Records –
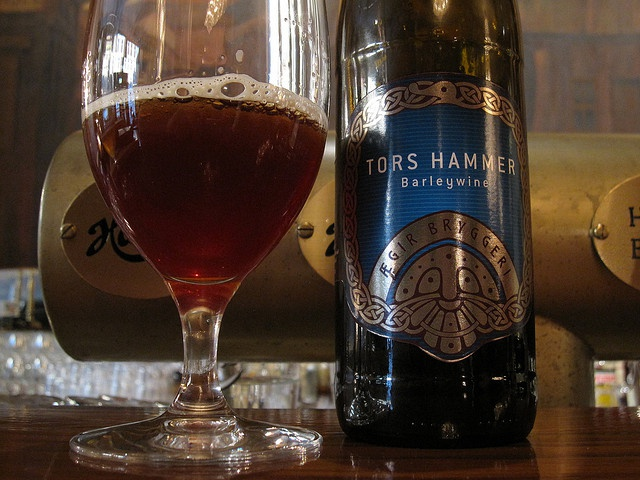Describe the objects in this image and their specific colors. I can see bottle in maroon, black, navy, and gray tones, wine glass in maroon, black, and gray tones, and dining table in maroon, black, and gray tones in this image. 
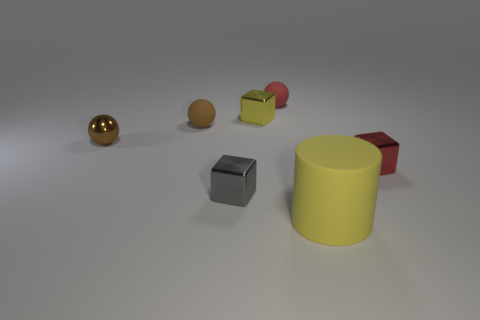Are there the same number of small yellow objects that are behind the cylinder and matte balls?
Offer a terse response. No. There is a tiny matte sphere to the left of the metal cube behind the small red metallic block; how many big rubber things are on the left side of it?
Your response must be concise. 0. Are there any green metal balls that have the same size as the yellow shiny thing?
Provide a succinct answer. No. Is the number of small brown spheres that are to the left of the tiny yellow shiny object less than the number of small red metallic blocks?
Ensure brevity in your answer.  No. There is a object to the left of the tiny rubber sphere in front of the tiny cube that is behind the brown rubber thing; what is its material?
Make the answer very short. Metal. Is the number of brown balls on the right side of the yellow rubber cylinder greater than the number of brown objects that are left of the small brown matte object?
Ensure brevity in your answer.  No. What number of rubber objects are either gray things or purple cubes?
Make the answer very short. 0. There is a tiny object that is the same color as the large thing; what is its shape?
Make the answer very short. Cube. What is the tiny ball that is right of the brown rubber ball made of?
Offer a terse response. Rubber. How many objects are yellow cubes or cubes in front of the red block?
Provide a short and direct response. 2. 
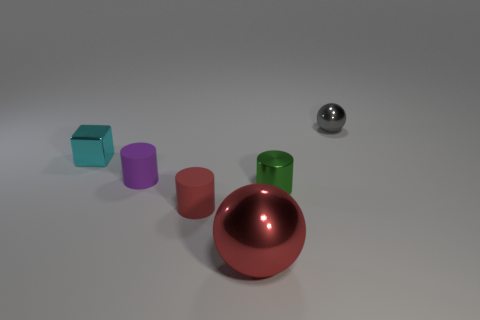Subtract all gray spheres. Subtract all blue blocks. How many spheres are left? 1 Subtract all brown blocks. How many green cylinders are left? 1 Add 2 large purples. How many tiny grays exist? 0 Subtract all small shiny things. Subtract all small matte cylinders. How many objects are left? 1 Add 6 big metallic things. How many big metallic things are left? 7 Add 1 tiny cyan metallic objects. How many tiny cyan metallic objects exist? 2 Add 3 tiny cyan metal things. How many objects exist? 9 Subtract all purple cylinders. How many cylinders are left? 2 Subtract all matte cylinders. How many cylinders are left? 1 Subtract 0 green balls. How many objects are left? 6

Exercise instructions –
Repeat only the lines from the one holding "Provide a succinct" through the last line of the data, inclusive. Keep the pictures out.

Answer area –
Provide a succinct answer. No. Is the number of small brown spheres that are to the left of the tiny yellow shiny object less than the number of small red metallic blocks?
Ensure brevity in your answer.  No. There is a object to the left of the tiny rubber sphere in front of the tiny cube that is behind the brown rubber thing; what is its material?
Make the answer very short. Metal. Is the number of brown balls on the right side of the yellow rubber cylinder greater than the number of brown objects that are left of the small brown matte object?
Ensure brevity in your answer.  No. What number of rubber objects are either gray things or purple cubes?
Make the answer very short. 0. There is a tiny object that is the same color as the large thing; what is its shape?
Make the answer very short. Cube. What is the tiny ball that is right of the brown rubber ball made of?
Offer a terse response. Rubber. How many objects are yellow cubes or cubes in front of the red block?
Provide a short and direct response. 2. 
Subtract all gray spheres. Subtract all blue blocks. How many spheres are left? 1 Subtract all brown blocks. How many green cylinders are left? 1 Add 2 large purples. How many tiny grays exist? 0 Subtract all small shiny things. Subtract all small matte cylinders. How many objects are left? 1 Add 6 big metallic things. How many big metallic things are left? 7 Add 1 tiny cyan metallic objects. How many tiny cyan metallic objects exist? 2 Add 3 tiny cyan metal things. How many objects exist? 9 Subtract all purple cylinders. How many cylinders are left? 2 Subtract all matte cylinders. How many cylinders are left? 1 Subtract 0 green balls. How many objects are left? 6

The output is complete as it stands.